Study material:
-------------------------

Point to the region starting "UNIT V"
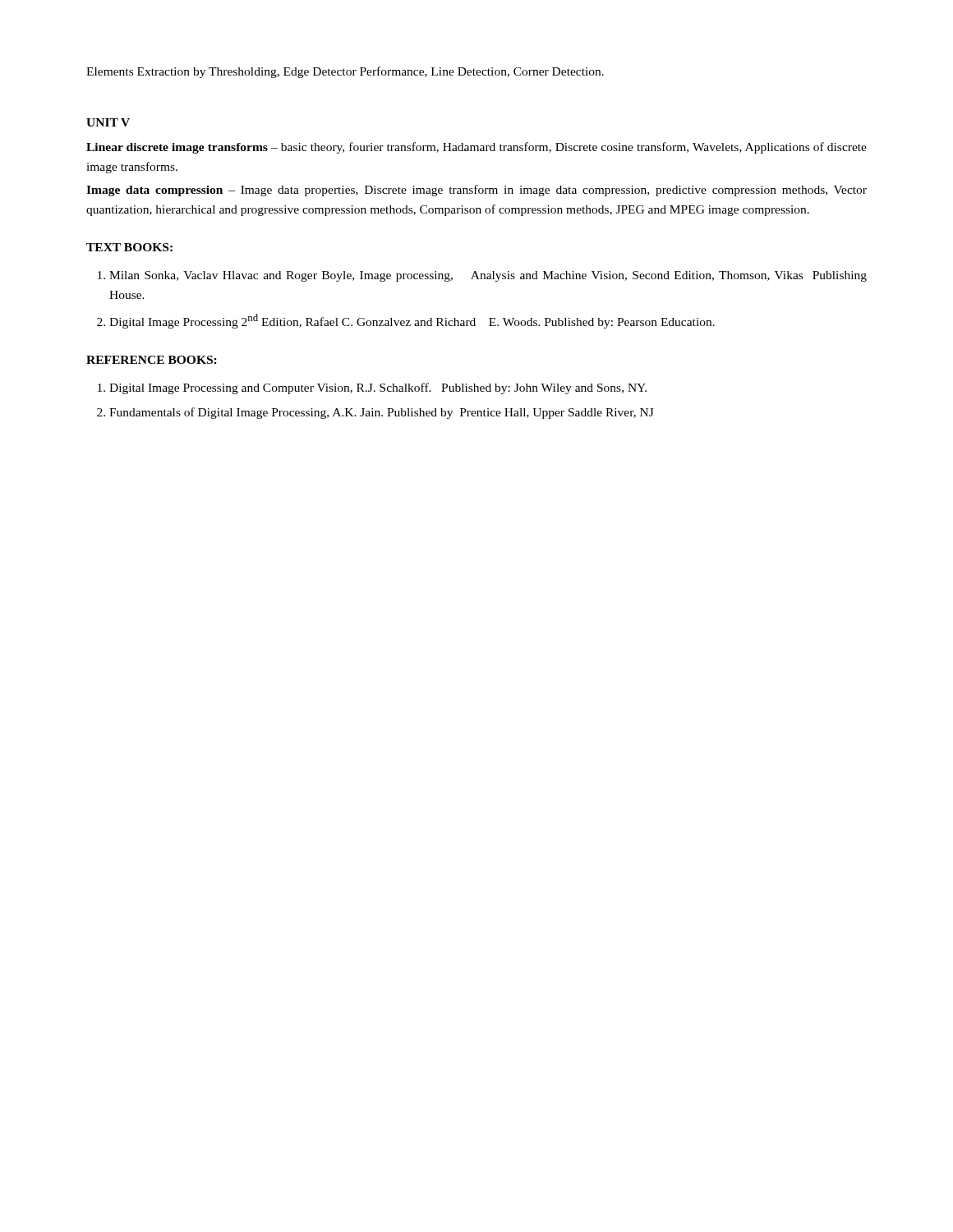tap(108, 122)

-------------------------

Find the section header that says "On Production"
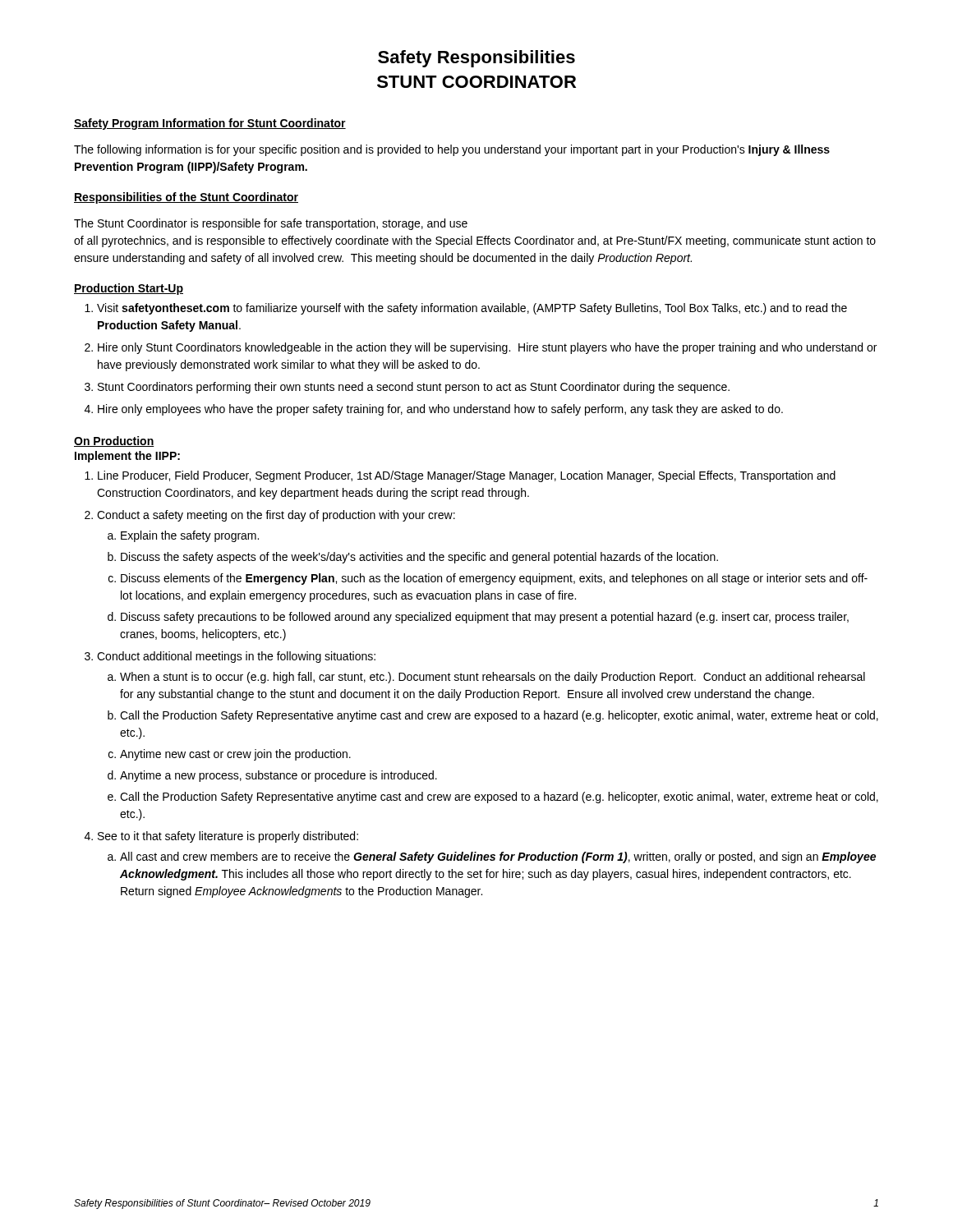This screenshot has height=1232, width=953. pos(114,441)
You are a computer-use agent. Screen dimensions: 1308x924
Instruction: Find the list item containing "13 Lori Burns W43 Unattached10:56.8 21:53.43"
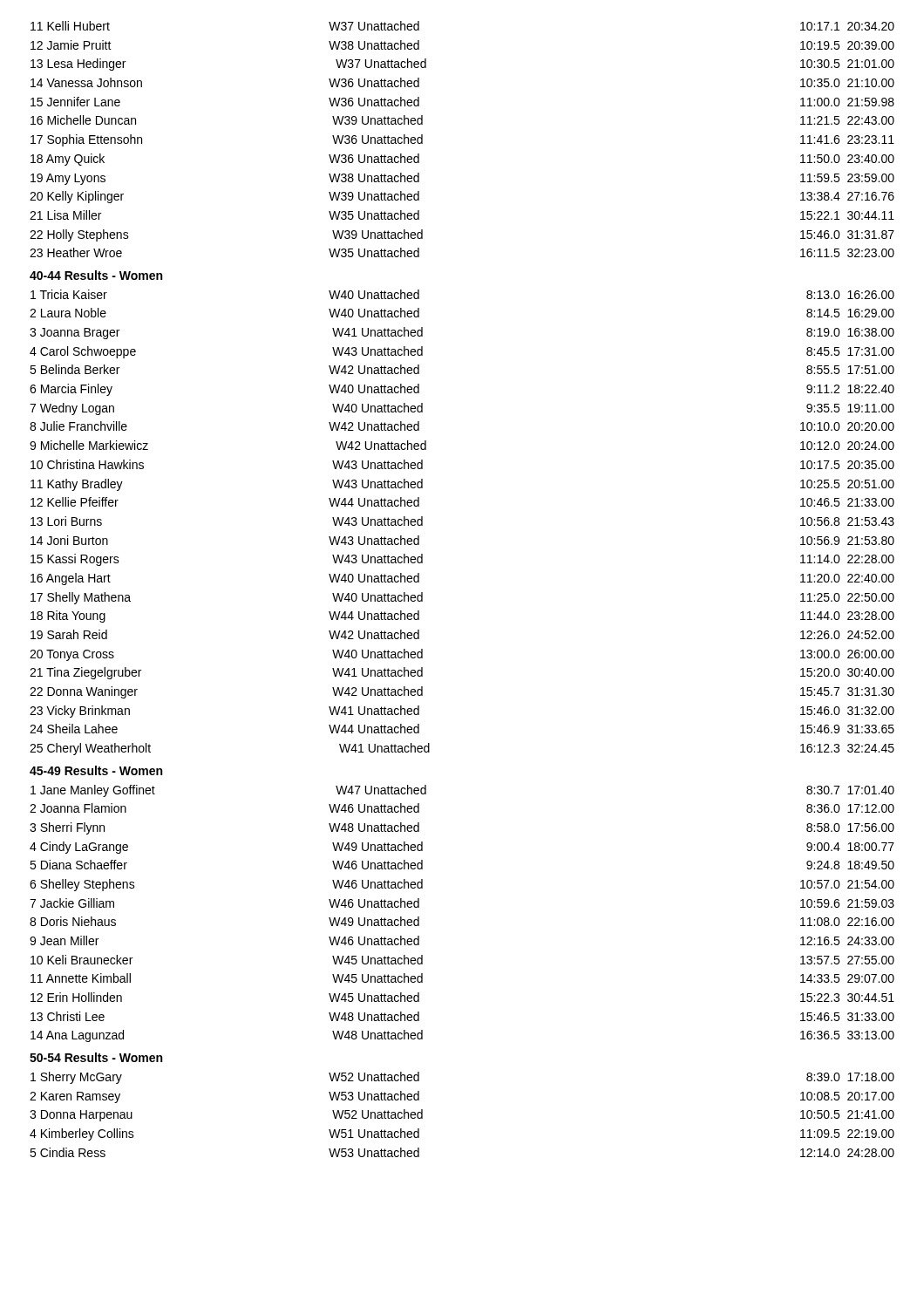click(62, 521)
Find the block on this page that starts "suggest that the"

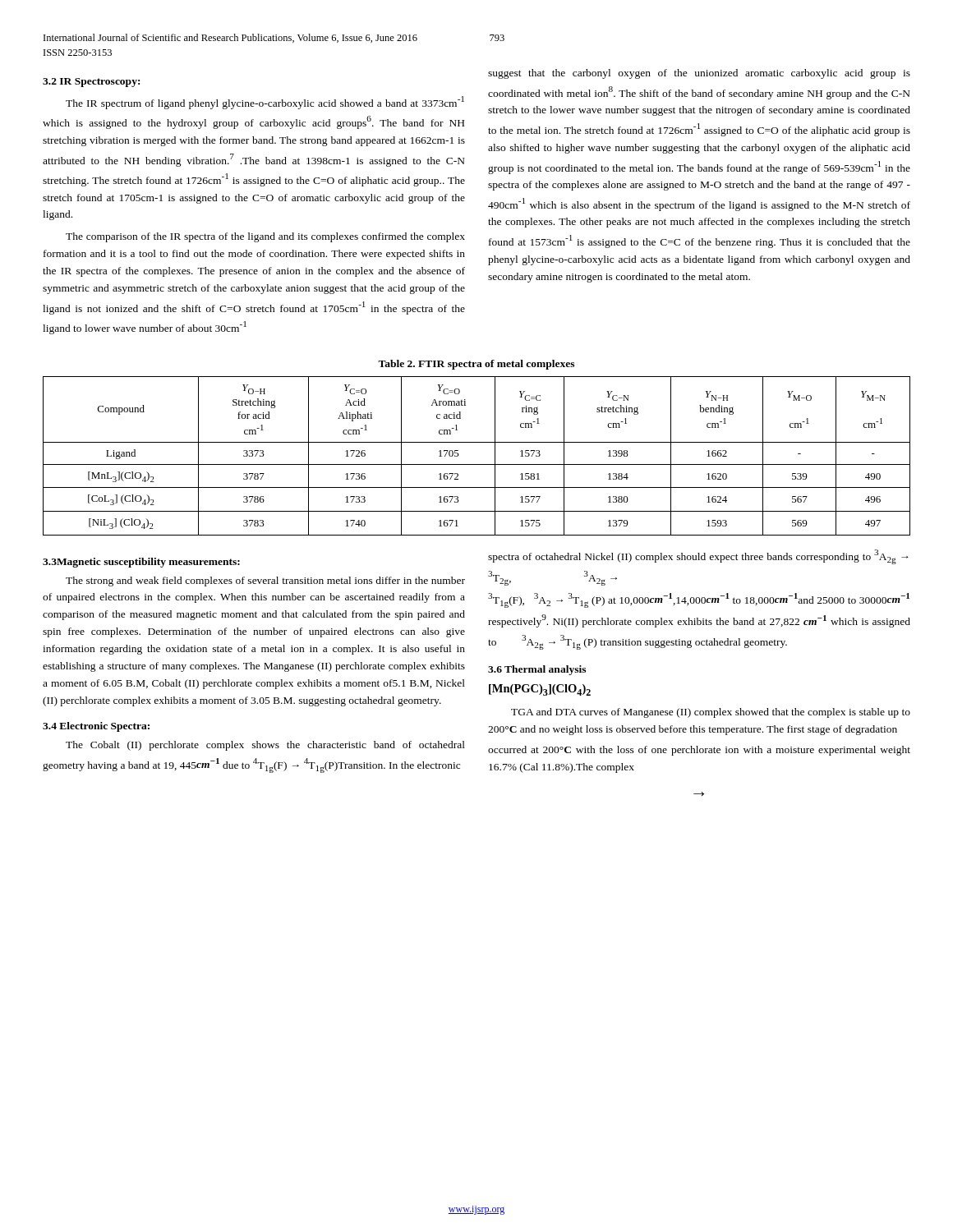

-------------------------

Activity: Nothing but the lines from the one containing "You are a computer-use" through the one containing "Find the block" should appear, copied exactly from the material above and without pictures.

Result of the task:
You are a computer-use agent. Screen dimensions: 1308x924
Instruction: Find the list item containing "13 Lori Burns W43 Unattached10:56.8 21:53.43"
click(62, 521)
Find the block on this page that starts "suggest that the"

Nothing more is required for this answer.